Task requirements
Copy exactly the run of lines that begins at the line with "L1: y = 0 to 8, 18 to 21, 29 to 32, 42 to 50" and ends at the final line of the entries.

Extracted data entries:
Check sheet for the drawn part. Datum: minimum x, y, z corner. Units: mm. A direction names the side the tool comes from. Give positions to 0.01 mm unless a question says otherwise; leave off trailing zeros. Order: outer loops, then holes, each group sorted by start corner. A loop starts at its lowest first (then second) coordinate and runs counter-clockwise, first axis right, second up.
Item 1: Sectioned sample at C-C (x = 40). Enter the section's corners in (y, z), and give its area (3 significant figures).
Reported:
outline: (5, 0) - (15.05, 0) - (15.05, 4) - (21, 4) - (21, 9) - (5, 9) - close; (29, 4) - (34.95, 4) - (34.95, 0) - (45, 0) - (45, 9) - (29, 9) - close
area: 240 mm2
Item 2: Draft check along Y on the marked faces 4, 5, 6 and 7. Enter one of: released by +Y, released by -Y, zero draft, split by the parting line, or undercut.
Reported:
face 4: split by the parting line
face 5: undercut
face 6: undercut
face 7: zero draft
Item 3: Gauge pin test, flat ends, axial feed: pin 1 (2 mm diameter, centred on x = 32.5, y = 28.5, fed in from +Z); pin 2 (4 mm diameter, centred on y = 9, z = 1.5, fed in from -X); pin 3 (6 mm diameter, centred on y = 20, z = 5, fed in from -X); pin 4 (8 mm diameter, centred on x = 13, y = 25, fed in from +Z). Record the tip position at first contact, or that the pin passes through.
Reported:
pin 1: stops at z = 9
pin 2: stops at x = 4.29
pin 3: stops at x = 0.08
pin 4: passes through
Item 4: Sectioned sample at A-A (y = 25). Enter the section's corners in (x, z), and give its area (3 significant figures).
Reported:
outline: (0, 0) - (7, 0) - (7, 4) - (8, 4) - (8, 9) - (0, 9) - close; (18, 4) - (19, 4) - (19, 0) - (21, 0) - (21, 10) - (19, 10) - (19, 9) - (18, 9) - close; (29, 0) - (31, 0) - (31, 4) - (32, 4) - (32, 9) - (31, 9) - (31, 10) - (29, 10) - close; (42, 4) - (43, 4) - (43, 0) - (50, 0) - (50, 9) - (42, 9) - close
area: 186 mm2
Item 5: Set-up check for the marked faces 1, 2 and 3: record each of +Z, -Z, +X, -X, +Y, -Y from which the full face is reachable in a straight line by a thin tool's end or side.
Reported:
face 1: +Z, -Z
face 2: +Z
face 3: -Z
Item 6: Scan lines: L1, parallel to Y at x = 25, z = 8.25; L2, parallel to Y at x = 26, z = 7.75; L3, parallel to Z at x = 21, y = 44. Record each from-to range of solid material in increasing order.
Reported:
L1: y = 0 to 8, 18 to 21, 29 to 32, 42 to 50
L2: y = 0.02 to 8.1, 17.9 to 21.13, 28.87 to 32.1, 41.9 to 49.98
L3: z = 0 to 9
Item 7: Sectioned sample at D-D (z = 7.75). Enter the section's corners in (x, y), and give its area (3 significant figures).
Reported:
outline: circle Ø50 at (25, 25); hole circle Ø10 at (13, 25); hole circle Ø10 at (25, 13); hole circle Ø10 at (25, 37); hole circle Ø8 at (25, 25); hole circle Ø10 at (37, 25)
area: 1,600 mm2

Task result
L1: y = 0 to 8, 18 to 21, 29 to 32, 42 to 50
L2: y = 0.02 to 8.1, 17.9 to 21.13, 28.87 to 32.1, 41.9 to 49.98
L3: z = 0 to 9
Item 7: Sectioned sample at D-D (z = 7.75). Enter the section's corners in (x, y), and give its area (3 significant figures).
Reported:
outline: circle Ø50 at (25, 25); hole circle Ø10 at (13, 25); hole circle Ø10 at (25, 13); hole circle Ø10 at (25, 37); hole circle Ø8 at (25, 25); hole circle Ø10 at (37, 25)
area: 1,600 mm2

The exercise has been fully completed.